The example output TSQL code above includes a user defined function dbo.udfMemberParentID( ). The user defined function (udf) named dbo.udfMemberParentID (@DomainID, @MemberCode, @MemberLevel) is used to retrieve the ParentMemberID for the record being inserted. In some embodiments, the function can take parameters of DomainID, MemberCode and MemberLevel. The return value is the actual MemberRID for the record that is the parent of the record being inserted. The function may return the MemberRID of the Member Table where the passed parameter values (for example, DomainID, MemberCode and MemberLevel parameter values) are equal to the respective values of the Member table. If no values match the parent record that is queried, the function may returns NULL
Execution of the member TSQL statements results in sending a member data query to data source 110 by ODS data engine 120 at step 630. In some embodiments, the query is sent as a TSQL statement from ODS data engine 120 to data store 110. Data store 110 receives the query, retrieves source data 105 corresponding to the query, and sends the source data back to ODS data engine 120.
Source data is received from data store 110 by ODS data engine 120 at step 640. Member data in a member table of destination table 135 is then updated with the received data at step 650. In some embodiments, ODS data engine 120 compares the received data from data store 110 to data in one or more destination tables. If the received data is not contained in the corresponding destination table, the received data is inserted into the table. If the data is contained in the table, the levels, descriptions, and other data associated with each domain record and member record are compared. If the dimension table data differs, it is replaced with the data retrieved from data store 110.
A member attribute data query is sent to data store 110 by ODS data engine 120 at step 730. The query is received by data store 110, processed, and source data 105 which matches the query is sent by data store 110 to ODS data engine 124. The member attribute data matching the query is received from data store 110 by ODS data engine 120 at step 740. The data in the MemberAttribute table of the destination tables 135 is then updated with the received data at step 750.
Member records are then updated with a soft delete in a member table but have been deleted at the source data at step 820. These members are soft deleted by setting a parameter associated with the particular records rather than physically deleting the data. This insures that the data may be recovered easily if the deletion was in error or is temporary. Next, member records with new member specific attributes are updated at step 830. Member attributes that did not previously exist in the member attribute table are then inserted at step 840. Finally, member attribute records that have changed since the last query to the source data are updated at step 850. Updating the member attributes may include comparing the attributes, inserting the attribute data that did not previously exist in the records data, and changing attribute values and other data for attributes that have changed since the last update.
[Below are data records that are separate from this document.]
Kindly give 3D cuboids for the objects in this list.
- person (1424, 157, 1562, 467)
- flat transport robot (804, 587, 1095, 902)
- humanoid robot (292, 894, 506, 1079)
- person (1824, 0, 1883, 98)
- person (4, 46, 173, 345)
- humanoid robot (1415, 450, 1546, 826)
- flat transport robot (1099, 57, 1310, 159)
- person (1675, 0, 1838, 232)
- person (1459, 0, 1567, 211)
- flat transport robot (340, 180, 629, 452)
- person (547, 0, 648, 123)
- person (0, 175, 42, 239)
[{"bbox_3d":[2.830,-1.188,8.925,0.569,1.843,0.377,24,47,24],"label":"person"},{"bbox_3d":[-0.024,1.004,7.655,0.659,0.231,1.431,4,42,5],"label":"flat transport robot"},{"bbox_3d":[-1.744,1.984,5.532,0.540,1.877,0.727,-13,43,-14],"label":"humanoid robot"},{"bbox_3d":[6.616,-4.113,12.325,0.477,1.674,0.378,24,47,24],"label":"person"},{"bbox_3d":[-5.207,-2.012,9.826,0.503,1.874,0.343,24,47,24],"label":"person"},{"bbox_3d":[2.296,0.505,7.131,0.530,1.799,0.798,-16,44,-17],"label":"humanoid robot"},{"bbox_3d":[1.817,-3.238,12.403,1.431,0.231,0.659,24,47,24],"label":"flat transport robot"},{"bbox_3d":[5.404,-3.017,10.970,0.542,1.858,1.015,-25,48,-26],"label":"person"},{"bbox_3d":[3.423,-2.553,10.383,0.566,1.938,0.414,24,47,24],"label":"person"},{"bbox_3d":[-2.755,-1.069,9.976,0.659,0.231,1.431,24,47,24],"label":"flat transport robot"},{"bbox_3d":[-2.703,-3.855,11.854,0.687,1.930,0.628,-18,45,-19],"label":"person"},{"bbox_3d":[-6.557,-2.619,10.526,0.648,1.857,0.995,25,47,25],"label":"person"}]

The foregoing detailed description of the technology herein has been presented for purposes of illustration and description. It is not intended to be exhaustive or to limit the technology to the precise form disclosed. Many modifications and variations are possible in light of the above teaching. The described embodiments were chosen in order to best explain the principles of the technology and its practical application to thereby enable others skilled in the art to best utilize the technology in various embodiments and with various modifications as are suited to the particular use contemplated. It is intended that the scope of the technology be defined by the claims appended hereto.
Claims
1. A computer implemented method for transferring data, comprising:
- accessing meta-data which describes remote source data provided by an enterprise hierarchy system;
- dynamically generating query code by combining the accessed meta-data;
- executing the query code to retrieve the remote source data from the enterprise hierarchy system, the remote source data stored in a first format at a remote data store; and
- storing the retrieved source data in a set of destination tables having a second format, the second format based on a set of domain records, a set of member records for each domain record, and attributes for each domain record and member record.
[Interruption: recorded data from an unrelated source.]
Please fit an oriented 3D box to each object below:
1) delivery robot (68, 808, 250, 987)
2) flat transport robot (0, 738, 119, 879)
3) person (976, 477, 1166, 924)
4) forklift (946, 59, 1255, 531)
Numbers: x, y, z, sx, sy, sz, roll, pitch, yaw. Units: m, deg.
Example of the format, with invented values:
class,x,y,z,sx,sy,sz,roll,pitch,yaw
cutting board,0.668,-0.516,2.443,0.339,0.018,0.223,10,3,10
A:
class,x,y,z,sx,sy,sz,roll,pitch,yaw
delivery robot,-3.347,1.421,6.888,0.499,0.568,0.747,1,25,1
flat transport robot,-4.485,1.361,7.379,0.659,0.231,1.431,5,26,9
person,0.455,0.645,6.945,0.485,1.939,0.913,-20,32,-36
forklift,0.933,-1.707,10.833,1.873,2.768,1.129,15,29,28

2. The computer implemented method of claim 1, wherein said step of accessing includes:
- retrieving meta-data from one or more meta-data tables by a stored procedure, the stored procedure configured to generate TSQL query code form the meta-data.
3. The computer implemented method of claim 1, wherein said step of accessing includes:
- retrieving meta-data from one or more meta-data tables having a single schema by a stored procedure, the stored procedure configured to query two or more data sources based on data contained in the meta-data tables having the single schema.
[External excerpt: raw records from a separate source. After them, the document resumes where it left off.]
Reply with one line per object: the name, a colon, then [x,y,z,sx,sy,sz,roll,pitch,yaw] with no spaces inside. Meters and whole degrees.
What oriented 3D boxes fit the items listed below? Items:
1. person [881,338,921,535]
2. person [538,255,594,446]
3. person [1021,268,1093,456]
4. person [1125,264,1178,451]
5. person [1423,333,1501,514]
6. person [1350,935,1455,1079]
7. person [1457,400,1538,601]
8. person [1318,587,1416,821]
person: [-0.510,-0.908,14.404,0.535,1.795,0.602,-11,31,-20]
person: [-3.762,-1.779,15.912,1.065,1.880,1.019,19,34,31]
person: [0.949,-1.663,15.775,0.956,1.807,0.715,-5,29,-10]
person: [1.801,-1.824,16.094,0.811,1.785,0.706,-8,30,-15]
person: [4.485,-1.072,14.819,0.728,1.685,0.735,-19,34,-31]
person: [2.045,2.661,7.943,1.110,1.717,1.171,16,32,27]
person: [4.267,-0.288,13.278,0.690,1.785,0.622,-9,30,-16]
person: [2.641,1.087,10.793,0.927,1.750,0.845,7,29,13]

4. The computer implemented method of claim 1, wherein dynamically generating query code includes:
- selecting a domain from the meta-data;
- determining a domain identity value for the selected domain;
- configuring one or more member records for the domain identity in the destination tables from the meta-data; and
- constructing one or more TSQL statements by concatenating the meta-data associated with the selected domain and one or more member records.
5. The computer implemented method of claim 1, wherein generating the query code includes concatenating the accessed meta-data into one or more queries, wherein each query includes the location of the source data, the location of the source data derived from the accessed set of meta-data.
6. The computer implemented method of claim 1, further comprising:
- configuring the set of destination tables by a stored procedure, the set of destination tables configured to include domain, member and mapping data described in the accessed meta-data.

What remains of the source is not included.